Turnkey - Why Flip to Investors?

36 Replies

At a recent investor club meeting, a group of investors raised the question - why do Turnkey Companies "flip" their properties primarily to investors as opposed to owner occupants? One person responded, "because the majority of Turnkey companies operate in markets/neighborhoods with low job growth and limited capital appreciation... therefore little interest from owner occupant buyers." Another investor said, 'because some companies buy in neighborhoods/cities with incredible cash flow (2% rule of higher), but the problem is, very few prospective owner occupants want to live in those areas. Yet another investor thought that  many turnkey operators want to help investors realize higher returns.

Clearly, there are Turnkey companies that operate in excellent growth markets such as Austin, but I thought I will turn the discussion  into a forum to get a few different perspectives. Happy investing!

Another benefit of flipping to investors is that the turnkey company keeps the property in their management portfolio.  They are still making a money off the property once it's sold.  If they sold to owner-occupants, that stream of income would be cut off.

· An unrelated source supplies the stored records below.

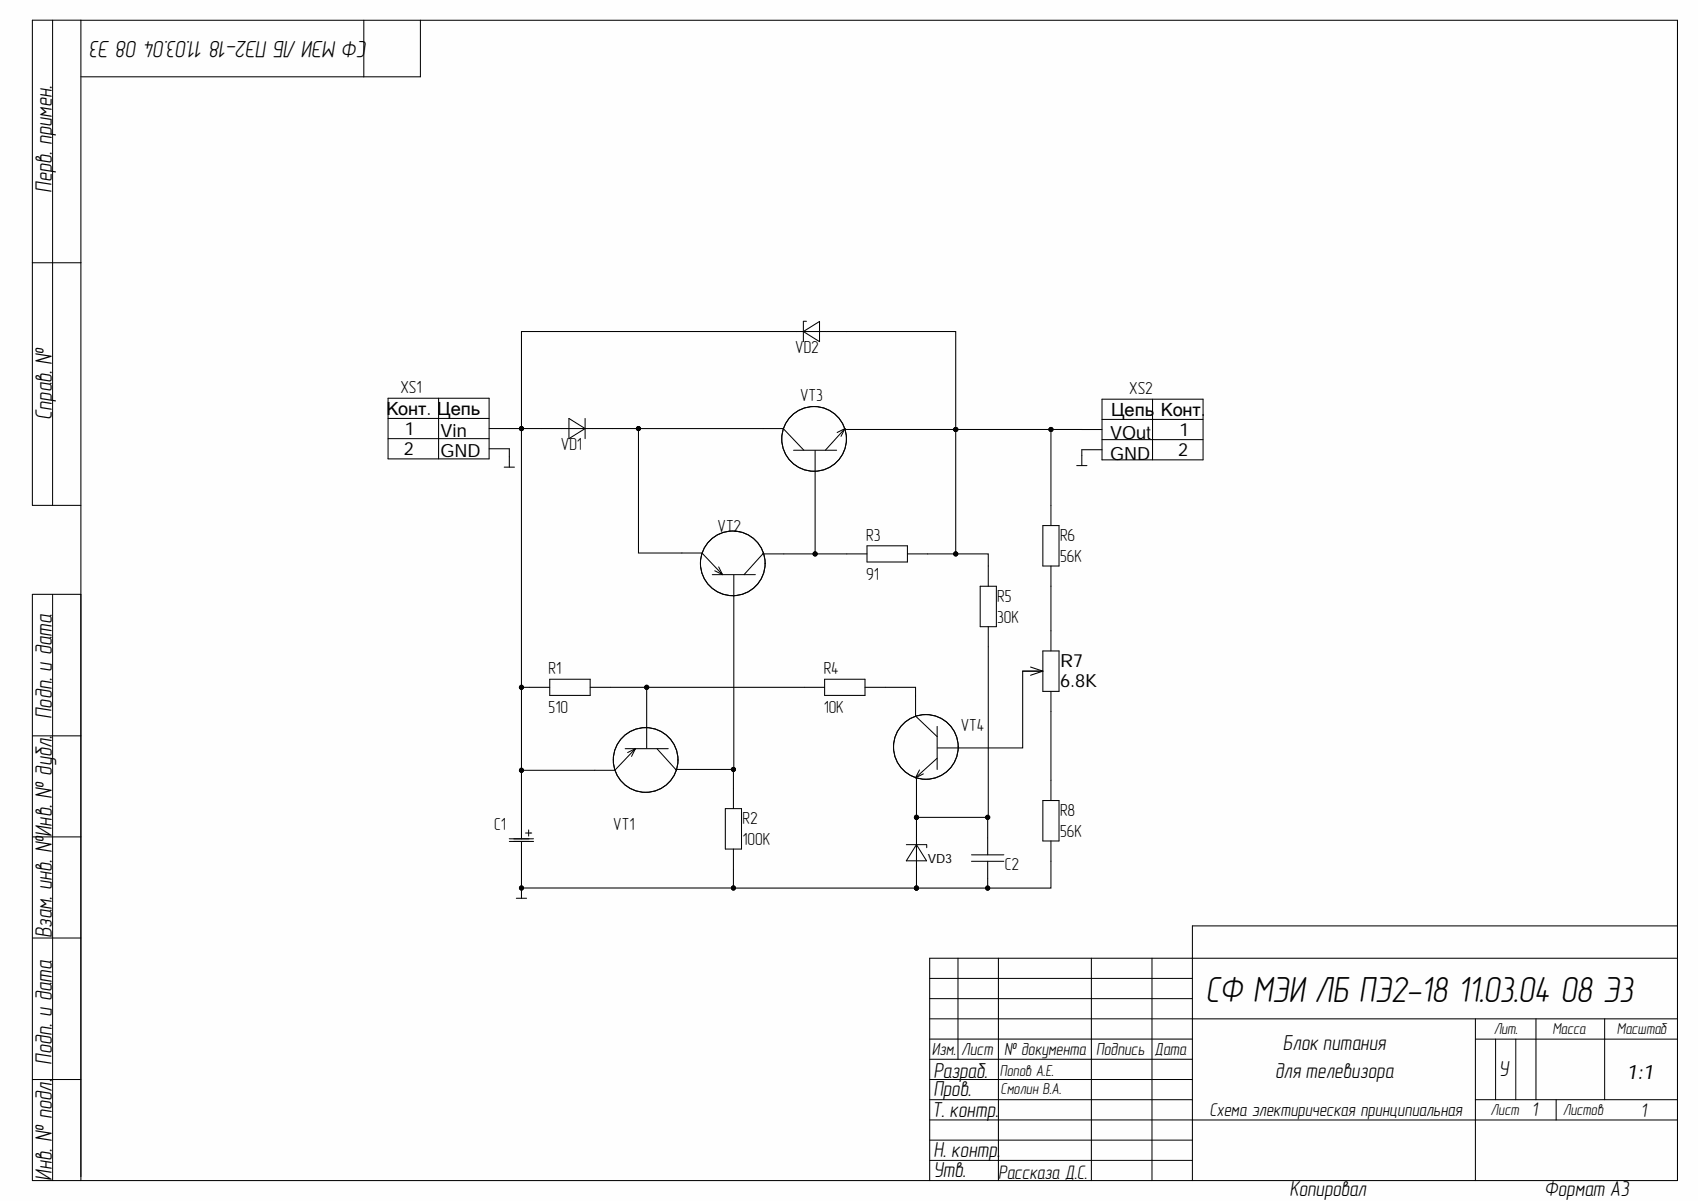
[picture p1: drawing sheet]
<svg xmlns="http://www.w3.org/2000/svg" width="420mm" height="297mm" viewBox="0 0 420 297" stroke-linecap="round" stroke-linejoin="round" font-family="sans-serif">
<defs><g id="words">
<text font-size="9.1" x="297.7" y="247.3">СФ МЭИ ЛБ ПЭ2-18 11.03.04 08 Э3</text>
<g font-size="5.9">
<text x="34" y="10.2" transform="rotate(-180 34 10.2)">08 Э3</text>
<text x="50.3" y="10.2" transform="rotate(-180 50.3 10.2)">11.03.04</text>
<text x="88.5" y="10.2" transform="rotate(-180 88.5 10.2)">Ф МЭИ ЛБ ПЭ2-18</text>
<text x="90.8" y="10.2" transform="rotate(-180 90.8 10.2)">С</text>
<text x="12.8" y="47.6" transform="rotate(-90 12.8 47.6)">Перв. примен.</text>
<text x="12.8" y="103.7" transform="rotate(-90 12.8 103.7)">Справ. №</text>
<text x="12.8" y="177.5" transform="rotate(-90 12.8 177.5)">Подп. и дата</text>
<text x="12.8" y="206.6" transform="rotate(-90 12.8 206.6)">Инв. № дубл.</text>
<text x="12.8" y="231.7" transform="rotate(-90 12.8 231.7)">Взам. инв. №</text>
<text x="12.8" y="262.9" transform="rotate(-90 12.8 262.9)">Подп. и дата</text>
<text x="12.8" y="291.5" transform="rotate(-90 12.8 291.5)">Инв. № подл.</text>
</g>
<g font-size="5.4">
<text x="316.8" y="259.2">Блок питания</text>
<text x="230.5" y="266.1">Разраб.</text>
<text x="314.9" y="266.1">для телевизора</text>
<text x="370.1" y="265.6">У</text>
<text x="230.1" y="275.7">Т. контр.</text>
<text x="230.5" y="270.7">Пров.</text>
<text x="230.5" y="285.7">Н. контр.</text>
<text x="230.5" y="290.7">Утв.</text>
<text x="318.4" y="295.3">Копировал</text>
<text x="381.3" y="295.3">Формат A3</text>
</g>
<text font-size="5" x="401.7" y="266.3">1:1</text>
<g font-size="4.9">
<text x="378.2" y="275.5">1</text>
<text x="405.1" y="275.8">1</text>
<text x="246.5" y="291">Рассказа Д.С.</text>
</g>
<text font-size="4.6" x="298.6" y="275.4">Схема электирическая принципиальная</text>
<g font-size="4.5">
<text x="95.4" y="102.4">Конт. Цепь</text>
<text x="100" y="107.4">1</text>
<text x="108.8" y="107.8">Vin</text>
<text x="274.4" y="102.7">Цепь</text>
<text x="286.6" y="102.7">Конт.</text>
<text x="291.3" y="107.7">1</text>
<text x="99.7" y="112.4">2</text>
<text x="108.8" y="112.8">GND</text>
<text x="274.1" y="108.5">VOut</text>
<text x="274.1" y="113.5">GND</text>
<text x="290.9" y="112.7">2</text>
<text x="261.8" y="164.6">R7</text>
<text x="261.8" y="169.7">6.8K</text>
</g>
<g font-size="4.4">
<text x="230.1" y="260.4">Изм.</text>
<text x="237.4" y="260.4">Лист</text>
<text x="247.9" y="260.4">№ документа</text>
<text x="270.7" y="260.4">Подпись</text>
<text x="285.1" y="260.4">Дата</text>
</g>
<g font-size="4.3">
<text x="196.4" y="87.2">VD2</text>
<text x="98.9" y="96.9">XS1</text>
<text x="197.6" y="99">VT3</text>
<text x="278.9" y="97.2">XS2</text>
<text x="138.5" y="111.1">VD1</text>
<text x="177.2" y="131.3">VT2</text>
<text x="213.9" y="133.5">R3</text>
<text x="261.8" y="133.6">R6</text>
<text x="213.9" y="143.2">91</text>
<text x="261.8" y="138.7">56K</text>
<text x="246.2" y="148.7">R5</text>
<text x="246.2" y="153.7">30K</text>
<text x="135.5" y="166.5">R1</text>
<text x="203.4" y="166.5">R4</text>
<text x="135.5" y="176">510</text>
<text x="203.4" y="176">10K</text>
<text x="237.3" y="180.5">VT4</text>
<text x="183.4" y="203.5">R2</text>
<text x="261.8" y="201.6">R8</text>
<text x="122" y="205">C1</text>
<text x="151.4" y="204.9">VT1</text>
<text x="183.4" y="208.6">100K</text>
<text x="261.8" y="206.6">56K</text>
<text x="248.1" y="214.9">C2</text>
</g>
<g font-size="3.9">
<text x="368.9" y="255.2">Лит.</text>
<text x="383.4" y="255.2">Масса</text>
<text x="399.3" y="255.2">Масштаб</text>
<text x="246.9" y="265.7">Попов А.Е.</text>
<text x="247.1" y="270.2">Смолин В.А.</text>
<text x="368.1" y="275.2">Лист</text>
<text x="385.9" y="275.2">Листов</text>
</g>
<text font-size="3.1" x="229.1" y="213">VD3</text>
</g></defs>
<g fill="#fefefe">
<path d="M0 0h419.2v296.5h-419.2z" fill-rule="evenodd"/>
<path d="M0 0h419.2v296.5h-419.2z" fill-rule="evenodd"/>
</g>
<g fill="none" stroke="#000" stroke-width=".25">
<path d="M13 5v119.8M20 5v286.5M89.8 5v14M103.8 5v14h-83.8M8 64.9h12M198.4 79.4v5M198.4 79.3h.8M95.8 98.3h25v15h-25zM108.3 98.3v15M198.4 81.9l4-2.5v5zM272.1 98.6h25v14.9h-25zM284.6 98.6v14.9"/>
<path d="M95.8 108.3h25M95.8 103.3h25M120.8 105.8h36.9M120.8 110.8h5v4.5M124.5 115.3h2.5M140.5 103.3l4 2.5-4 2.5zM144.5 103.3v5M193.3 105.8h-35.6v30.7h15.5M193.4 105.8l5.1 5.4M196 111.2h10.6M201.3 111.3v25.5M208.6 106l63.5 .1"/>
<path d="M208.6 105.8l-4.8 5.4M208.6 105.8l-.2 .3M208.6 105.8l-1.9 1M208.6 105.8l-.9 1.9M259.5 106v23.8M265.9 115h2.5M272.1 111h-4.9v4M272.1 108.6h25M272.1 103.6h25M20 124.8h-12v-119.8h406.2v286.5h-406.2v-144.7l12-.1M173.4 136.6l5 5.3M177.5 140l.9 1.9"/>
<path d="M188.3 136.8l.3-.2-4.9 5.3M188.6 136.8h25.5M214.1 134.8h10v4h-10zM224.1 136.8h11.9v-54.9h-107.2v87.8h7M236 136.8h8v8M257.5 129.8h4v10h-4zM259.5 139.8v20.9M13 146.8v144.7M175.9 141.9h10.6M176.5 140.9l1.9 1M177.9 141.4l.5 .5M181.2 142v48h-14.2"/>
<path d="M242.1 144.8h3.9v9.9h-3.9zM244 154.7v47.1h-.1v9.3M128.8 169.7v20.5h22.9M135.8 167.7h9.9v4h-9.9zM145.7 169.7h14v15.1M159.7 169.7h43.9M203.6 167.7h10v4h-10zM213.6 169.7h12.5v7M226.1 176.8l5.3 5.1M231.4 179.4v10.6M254.5 164.7l3 1M257.5 165.7h-5v19h-21"/>
<path d="M257.5 160.7h4v10h-4zM257.5 165.7l-3 1M259.5 170.7v27M8 181.7h12M128.8 190.2v16.9M154.4 184.9h10.6M156.9 184.9l-5.1 5.3M156.9 184.9l-.5 .5M156.9 184.9l-1.9 .9M156.9 184.9l-.9 1.9M162.2 184.9l4.8 5.3-.2-.3M179.1 199.7h4v9.9h-4z"/>
<path d="M181.1 190v9.7M226.3 192v9.8h17.6M226.4 191.8l-.3 .2M227.1 190.1l-1 1.9M228 191.1l-1.9 .9M231.4 187.2l-5.3 4.8M257.5 197.7h4v9.9h-4zM8 206.6h12M125.8 207.1h5.9M125.8 207.8h6M128.8 207.8v11.5h52.3v-9.7M128.8 219.3v2.5"/>
<path d="M129.8 205.7h1.5M130.5 204.9v1.5M223.8 208.6h5M226.3 201.8v17.5M226.3 208.6l2.5 4h-5zM228.8 208.6v.7M239.9 212.7h8M239.9 211.1h8M243.9 212.7v6.6h-62.8M259.5 207.6v11.7h-15.6M8 231.6h12M127.5 221.8h2.5"/>
<path d="M229.6 236.6v54.9M229.6 236.6h184.6M236.6 236.6v25M246.6 236.6v54.9M269.5 236.6v54.9M284.5 236.6v54.9M414.2 228.6h-119.7v62.9M229.6 256.6h64.9M229.6 241.6h64.9M229.6 246.6h64.9M229.6 251.6h184.6M364.3 251.6v39.9"/>
<path d="M364.3 256.6h49.9M369.3 256.6v14.9M374.3 256.6v14.9M379.3 251.6v19.9M396.3 251.6v19.9M8 266.5h12M229.6 266.5h64.9M229.6 261.6h64.9M229.6 276.5h184.6M229.6 271.5h64.9M364.3 271.5h49.9M384.3 271.5v5"/>
<path d="M229.6 281.5h64.9M229.6 286.5h64.9"/>
<circle cx="128.8" cy="105.8" r=".51"/>
<circle cx="157.7" cy="105.8" r=".51"/>
<circle cx="201" cy="108.4" r="8"/>
<circle cx="236" cy="106" r=".51"/>
<circle cx="259.5" cy="106" r=".51"/>
<circle cx="181" cy="139.1" r="8"/>
<circle cx="201.3" cy="136.8" r=".51"/>
<circle cx="236" cy="136.8" r=".51"/>
<circle cx="128.8" cy="169.7" r=".51"/>
<circle cx="159.7" cy="169.7" r=".51"/>
<circle cx="128.8" cy="190.2" r=".51"/>
<circle cx="159.4" cy="187.7" r="8"/>
<circle cx="181.1" cy="190" r=".51"/>
<circle cx="228.6" cy="184.4" r="8"/>
<circle cx="128.8" cy="219.3" r=".51"/>
<circle cx="181.1" cy="219.3" r=".51"/>
<circle cx="226.3" cy="219.3" r=".51"/>
<circle cx="226.3" cy="201.8" r=".51"/>
<circle cx="243.9" cy="219.3" r=".51"/>
<circle cx="243.9" cy="201.8" r=".51"/>
</g>
<g fill="#000">
<circle cx="128.8" cy="105.8" r=".51"/>
<circle cx="157.7" cy="105.8" r=".51"/>
<circle cx="236" cy="106" r=".51"/>
<circle cx="259.5" cy="106" r=".51"/>
<circle cx="201.3" cy="136.8" r=".51"/>
<circle cx="236" cy="136.8" r=".51"/>
<circle cx="128.8" cy="169.7" r=".51"/>
<circle cx="159.7" cy="169.7" r=".51"/>
<circle cx="128.8" cy="190.2" r=".51"/>
<circle cx="181.1" cy="190" r=".51"/>
<circle cx="128.8" cy="219.3" r=".51"/>
<circle cx="181.1" cy="219.3" r=".51"/>
<circle cx="226.3" cy="219.3" r=".51"/>
<circle cx="226.3" cy="201.8" r=".51"/>
<circle cx="243.9" cy="219.3" r=".51"/>
<circle cx="243.9" cy="201.8" r=".51"/>
</g>
<use href="#words"/>
</svg>

As a prospective turnkey buyer, this is a great thread topic. Understanding the economics of a turnkey operator's business model can definitely help you get a sense for the value you're getting and the sustainability of their operation. From what I can tell, the most successful operators have complementary revenue streams of fix & flip margin plus property management. The property management only starts to get attractive with scale, and it's tough to build scale without a large network of happy (and hopefully repeat) buyers.
Turnkey company gets to keep managing it, overcharging your for repairs and then after you discover the house is a lemon in the ghetto with constant vacancy and payment issues... they get to buy it back from you at a discount to sell it to the next sucker/"investor". If you can't tell, I am a wee bit skeptical about turn key companies. The whole set up doesn't smell right to me. I can't fathom why companies would do all of that work on the front end and then hand off a cash cow to a random out of state investor. Why would someone do that? I am sure there are great turnkey companies out there but I would be skeptical unless somebody has a long track record of success.

@Joe B.

A few reasons why turn key companies would sell to investors (assuming the ones that aren't in it to screw people over)

1. Fast sales, many turn key properties are sold before renovation is complete. Minimal holding costs if any compared to having holding costs when they try to sell to an owner occupant.

2. If they're doing it right, they'll have repeat business. Happy investors means repeat investments and also more investors = more work.

By belling able to sell fast at a decent profit and being able to put those funds back to work is a huge benefit than potentially have a house sit on the market for a couple months at a time, in areas where there aren't many owner occupants. The markets they target are typically high cash flow areas.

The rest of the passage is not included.